1.       Do you want the EPP standard to support non-ASCII email addresses?
a.       Scott Hollenbeck’s review of the RFC 5322 reference in the EPP RFC 5733 resulted in the reference being appropriate since the EAI documents update the syntax specification found in 5322 *if* you choose to support the EAI SMTP extension.
b.       EAI support in EPP goes beyond EPP RFC 5733, where email addresses are also used in EPP RFC 8543, and additional EPP mapping registered in the EPP Extension Registry (e.g., Email Forwarding Mapping and NameWatch Mapping).
c.       I don’t support this option since EAI applies broader than a single EPP mapping (EPP RFC 5733), updating the RFC 5733 reference doesn’t address it, and EPP has an extensibility mechanism to handle this in a more explicit manner.
2.       Do you want to *extend* EPP to support non-ASCII addresses, as an option for those who implement the extension?
a.       I take the language from Scott Hollenbeck to support creating an EPP extension for EAI:
                                                                           i.      “The right way to tackle this is to create an EPP extension to allow EPP clients and servers to support EAI. That extension would need to include normative references to the  EAI RFCs, and it would need to allow internationalized email addresses in any EPP fields, including other extensions, that currently carry email addresses.”
b.       Extension options discussed on the list from least explicit to most explicit:
                                                                           i.      Define an Operational Practice (Alex Mayrhofer’s option 4)
1.       “Option 4 would be to not add an extension or a XML namespace for signaling and to return a 2306 error when EAi is not supported.”
2.       Alex’s proposal may be that it’s up to server-policy how to handle it with returning a 2306 error as a proposed choice.  Putting support for EAI into the camp of server-policy will make it a challenge for registrars since the registries can and most likely will make different server-policy decisions with no signaling to the client.  At a minimum, an operational policy should be defined with an XML namespace that signals support for the operational practice.
                                                                         ii.      EAI Support Based on Greeting and Login Services (session-level support for EAI)
1.       This option defines an operational practice and uses an XML namespace in the EPP greeting and login services to signal support within an individual EPP session.  All objects for all TLDs supported by the server would implicitly support EAI for the email elements.  With this option, there is no way to differentiate which TLDs and which objects within the TLDs support EAI.  This is very straight forward to implement, but I believe is far too course grain to provide meaning.
                                                                       iii.      EAI Support with Marker Extension Element (object-level support for EAI)
1.       This option defines an extension that is applied on a per-object basis.  A client can explicitly define that the email address for an object supports EAI and the server can explicitly define whether EAI is supported for that object.  There may be EPP object mappings that support multiple email elements, so this option implicitly defines the email elements that supports EAI on a per-objects basis.  I don’t believe there are any existing EPP object mappings that have an issue with use of a marker element.
                                                                       iv.      EAI Support with Placeholder Text and new Email Element (element-level support for EAI)
1.       This option defines an extension that is applied on an element basis, where the placeholder text defines the element explicitly.  This is the approach currently defined by draft-belyavskiy-epp-eai-02.  Since the existing EPP object mappings don’t have an issue with implicitly indicating the EAI element of an object, the Marker Extension Element looks to be a simpler option.

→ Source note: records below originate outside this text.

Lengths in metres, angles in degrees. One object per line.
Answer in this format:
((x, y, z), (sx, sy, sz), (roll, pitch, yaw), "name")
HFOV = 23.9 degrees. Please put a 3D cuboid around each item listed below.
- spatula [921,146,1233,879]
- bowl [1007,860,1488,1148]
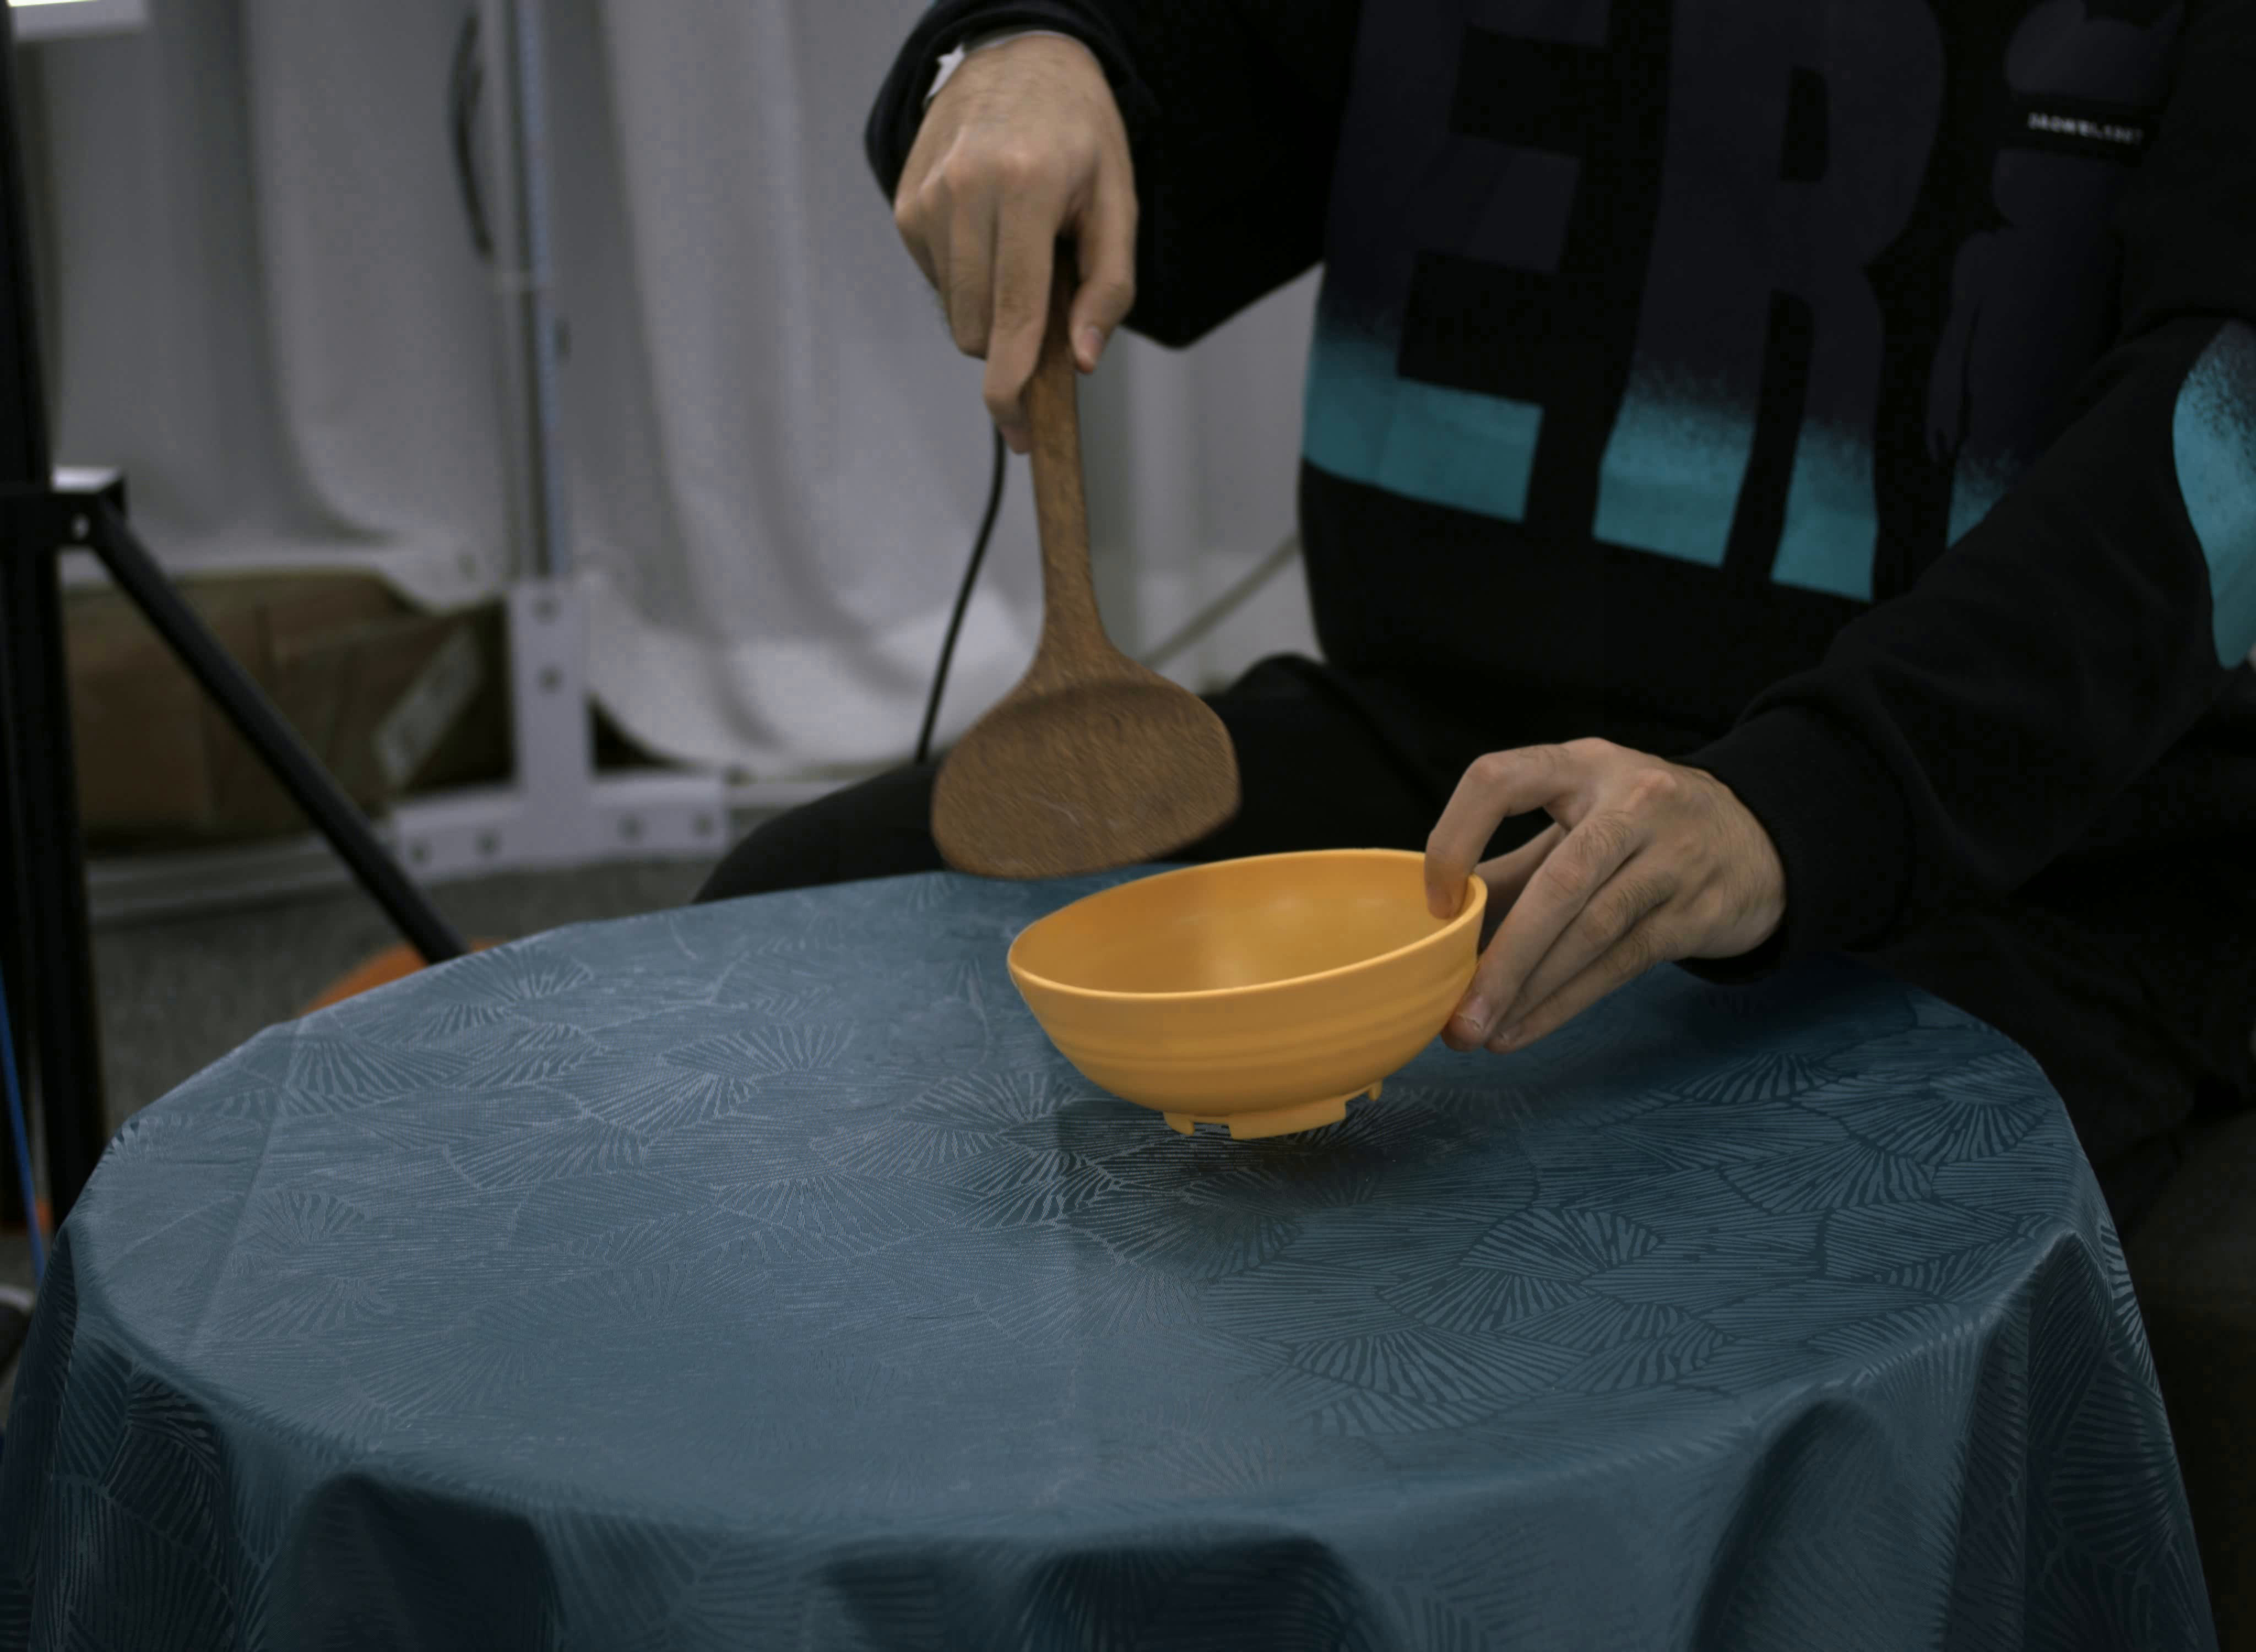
((-0.025, -0.112, 1.718), (0.096, 0.015, 0.390), (-12, 41, 5), "spatula")
((0.038, 0.059, 1.589), (0.144, 0.060, 0.146), (-6, 14, 0), "bowl")

There was discussion on the list related to whether a EAI element should be returned to a client that does not support the EAI extension.  This comes down to an unhandled namespace problem that is defined by draft-ietf-regext-unhandled-namespaces; although in this case it applies to a field within a supported namespace (e.g., contact email element in EPP RFC 5733).  There are existing EPP object mappings (e.g., Contact, Organization, Email Forwarding, NameWatch) that have a mix of requiring the email address in the info response, so you can’t universally specify that the email element will not be returned to a client that doesn’t support EAI.  draft-ietf-regext-unhandled-namespaces can be used to indicate that the extension is not supported as a signal to the client, but the question is what to do with the required email element value.  One option is to return the value that is non-deterministic and the other option is to return a placeholder value (“[EAI-ADDRESS]”) that will be deterministic since “[EAI-ADDRESS]” is clearly not a valid e-mail address.  Both options should include an indication that EAI is not supported by the client via draft-ietf-regext-unhandled-namespaces.  I generally prefer to be deterministic, but providing the signal via draft-ietf-regext-unhandled-namespaces may be good enough.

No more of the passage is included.